Task to carry out: Transcribe only what runs from the line including "2D boxes in" through the last line of the entries, exactly as it appears.

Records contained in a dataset
::::::::::
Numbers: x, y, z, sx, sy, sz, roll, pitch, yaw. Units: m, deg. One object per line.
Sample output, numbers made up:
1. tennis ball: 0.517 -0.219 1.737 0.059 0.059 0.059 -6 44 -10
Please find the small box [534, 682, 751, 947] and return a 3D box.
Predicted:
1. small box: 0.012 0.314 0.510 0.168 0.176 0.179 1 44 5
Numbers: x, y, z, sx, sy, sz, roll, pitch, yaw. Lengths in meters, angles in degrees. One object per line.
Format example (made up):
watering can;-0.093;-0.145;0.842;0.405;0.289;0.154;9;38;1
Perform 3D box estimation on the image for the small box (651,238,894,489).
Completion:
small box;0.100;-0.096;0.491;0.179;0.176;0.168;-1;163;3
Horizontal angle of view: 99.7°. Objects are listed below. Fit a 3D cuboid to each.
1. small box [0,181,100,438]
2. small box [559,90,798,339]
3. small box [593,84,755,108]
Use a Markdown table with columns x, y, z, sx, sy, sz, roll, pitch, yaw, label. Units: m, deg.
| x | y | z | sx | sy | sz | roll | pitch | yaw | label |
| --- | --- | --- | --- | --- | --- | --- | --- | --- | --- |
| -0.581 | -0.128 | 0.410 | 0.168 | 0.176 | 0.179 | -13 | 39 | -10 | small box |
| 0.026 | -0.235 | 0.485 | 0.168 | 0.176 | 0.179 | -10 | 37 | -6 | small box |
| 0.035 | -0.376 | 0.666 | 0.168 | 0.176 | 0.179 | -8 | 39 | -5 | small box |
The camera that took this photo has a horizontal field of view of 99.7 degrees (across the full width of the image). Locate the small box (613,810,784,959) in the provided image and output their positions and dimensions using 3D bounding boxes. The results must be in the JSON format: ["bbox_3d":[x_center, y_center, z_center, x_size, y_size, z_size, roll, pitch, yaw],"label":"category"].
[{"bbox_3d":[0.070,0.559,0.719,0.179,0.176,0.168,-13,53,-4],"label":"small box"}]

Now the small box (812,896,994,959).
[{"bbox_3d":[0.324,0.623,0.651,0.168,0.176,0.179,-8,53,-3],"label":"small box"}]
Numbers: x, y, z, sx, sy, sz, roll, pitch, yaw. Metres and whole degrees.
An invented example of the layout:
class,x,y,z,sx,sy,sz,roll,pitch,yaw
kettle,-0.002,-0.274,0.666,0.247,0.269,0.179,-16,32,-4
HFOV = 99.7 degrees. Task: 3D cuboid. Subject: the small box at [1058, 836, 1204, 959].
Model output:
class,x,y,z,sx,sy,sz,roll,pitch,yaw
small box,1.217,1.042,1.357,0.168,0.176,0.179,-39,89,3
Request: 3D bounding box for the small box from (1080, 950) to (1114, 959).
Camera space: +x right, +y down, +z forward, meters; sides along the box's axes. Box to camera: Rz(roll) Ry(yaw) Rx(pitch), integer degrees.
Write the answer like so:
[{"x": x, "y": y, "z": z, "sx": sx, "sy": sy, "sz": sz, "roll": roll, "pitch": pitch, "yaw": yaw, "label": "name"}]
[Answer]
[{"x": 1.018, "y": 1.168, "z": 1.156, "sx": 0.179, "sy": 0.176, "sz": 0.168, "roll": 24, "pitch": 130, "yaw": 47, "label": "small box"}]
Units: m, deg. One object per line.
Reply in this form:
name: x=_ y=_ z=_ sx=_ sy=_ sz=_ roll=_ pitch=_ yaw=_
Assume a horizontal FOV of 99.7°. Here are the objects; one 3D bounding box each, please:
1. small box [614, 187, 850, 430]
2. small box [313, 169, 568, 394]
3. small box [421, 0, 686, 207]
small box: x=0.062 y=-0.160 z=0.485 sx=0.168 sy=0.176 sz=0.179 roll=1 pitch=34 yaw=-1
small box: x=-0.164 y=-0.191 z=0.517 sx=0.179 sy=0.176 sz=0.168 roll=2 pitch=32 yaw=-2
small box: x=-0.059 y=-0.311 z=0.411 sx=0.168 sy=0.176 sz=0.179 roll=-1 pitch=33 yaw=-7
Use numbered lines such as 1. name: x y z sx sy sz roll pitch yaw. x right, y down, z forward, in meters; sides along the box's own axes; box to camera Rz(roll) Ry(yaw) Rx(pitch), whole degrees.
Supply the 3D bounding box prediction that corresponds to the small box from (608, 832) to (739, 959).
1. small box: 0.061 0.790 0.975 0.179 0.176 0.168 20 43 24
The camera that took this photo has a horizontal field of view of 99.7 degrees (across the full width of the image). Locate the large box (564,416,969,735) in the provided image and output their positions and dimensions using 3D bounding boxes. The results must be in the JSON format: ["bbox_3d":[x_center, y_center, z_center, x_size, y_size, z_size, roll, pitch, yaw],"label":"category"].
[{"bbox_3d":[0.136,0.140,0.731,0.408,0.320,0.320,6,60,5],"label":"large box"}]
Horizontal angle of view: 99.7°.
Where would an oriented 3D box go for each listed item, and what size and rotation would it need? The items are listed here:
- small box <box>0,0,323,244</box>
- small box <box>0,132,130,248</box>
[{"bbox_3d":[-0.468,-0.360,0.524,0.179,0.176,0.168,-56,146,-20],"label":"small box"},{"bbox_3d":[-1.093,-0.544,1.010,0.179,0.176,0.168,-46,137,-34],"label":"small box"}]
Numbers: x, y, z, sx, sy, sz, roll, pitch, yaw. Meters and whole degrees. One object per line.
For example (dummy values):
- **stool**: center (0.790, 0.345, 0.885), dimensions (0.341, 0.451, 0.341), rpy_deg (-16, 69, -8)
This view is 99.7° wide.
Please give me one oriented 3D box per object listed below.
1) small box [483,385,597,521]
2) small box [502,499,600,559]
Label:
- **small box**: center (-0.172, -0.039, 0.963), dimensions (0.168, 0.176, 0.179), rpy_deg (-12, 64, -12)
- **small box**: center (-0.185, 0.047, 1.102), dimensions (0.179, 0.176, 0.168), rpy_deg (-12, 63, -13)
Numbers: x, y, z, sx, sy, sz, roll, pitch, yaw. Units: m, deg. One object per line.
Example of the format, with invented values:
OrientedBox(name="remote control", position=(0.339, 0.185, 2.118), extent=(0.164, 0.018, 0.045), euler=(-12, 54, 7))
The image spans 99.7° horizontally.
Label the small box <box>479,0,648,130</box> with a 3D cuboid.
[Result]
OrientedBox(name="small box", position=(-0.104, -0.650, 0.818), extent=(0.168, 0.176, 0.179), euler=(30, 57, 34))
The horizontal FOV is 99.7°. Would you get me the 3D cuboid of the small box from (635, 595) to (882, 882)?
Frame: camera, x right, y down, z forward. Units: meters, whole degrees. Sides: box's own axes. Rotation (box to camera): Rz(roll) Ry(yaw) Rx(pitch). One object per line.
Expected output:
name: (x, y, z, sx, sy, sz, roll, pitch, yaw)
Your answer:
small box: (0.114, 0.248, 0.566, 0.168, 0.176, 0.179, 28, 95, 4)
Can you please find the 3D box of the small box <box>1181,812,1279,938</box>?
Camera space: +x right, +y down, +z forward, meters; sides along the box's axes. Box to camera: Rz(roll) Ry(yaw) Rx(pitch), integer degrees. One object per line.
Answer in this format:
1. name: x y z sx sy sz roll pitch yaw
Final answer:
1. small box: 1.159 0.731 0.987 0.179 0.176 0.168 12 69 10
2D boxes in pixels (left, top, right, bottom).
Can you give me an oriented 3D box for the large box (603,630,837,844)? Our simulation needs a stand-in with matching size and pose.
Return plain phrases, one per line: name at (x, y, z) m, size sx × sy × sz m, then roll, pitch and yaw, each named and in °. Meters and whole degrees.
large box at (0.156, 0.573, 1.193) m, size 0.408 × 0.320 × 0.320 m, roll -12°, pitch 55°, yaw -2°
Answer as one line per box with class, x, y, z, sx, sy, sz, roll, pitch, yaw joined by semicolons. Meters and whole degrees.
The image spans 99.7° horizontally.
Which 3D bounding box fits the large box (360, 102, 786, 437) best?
::::::::::
Output:
2D boxes in pixels (left, top, right, bottom).
Can you give me an oriented 3D box for the large box (603,630,837,844)? Our simulation needs a stand-in with matching size and pose.
Return plain phrases, one per line: name at (x, y, z) m, size sx × sy × sz m, then roll, pitch and yaw, each named and in °. Meters and whole degrees.
large box at (0.156, 0.573, 1.193) m, size 0.408 × 0.320 × 0.320 m, roll -12°, pitch 55°, yaw -2°
Answer as one line per box with class, x, y, z, sx, sy, sz, roll, pitch, yaw joined by semicolons. Meters and whole degrees.
The image spans 99.7° horizontally.
Which 3D bounding box fits the large box (360, 102, 786, 437) best?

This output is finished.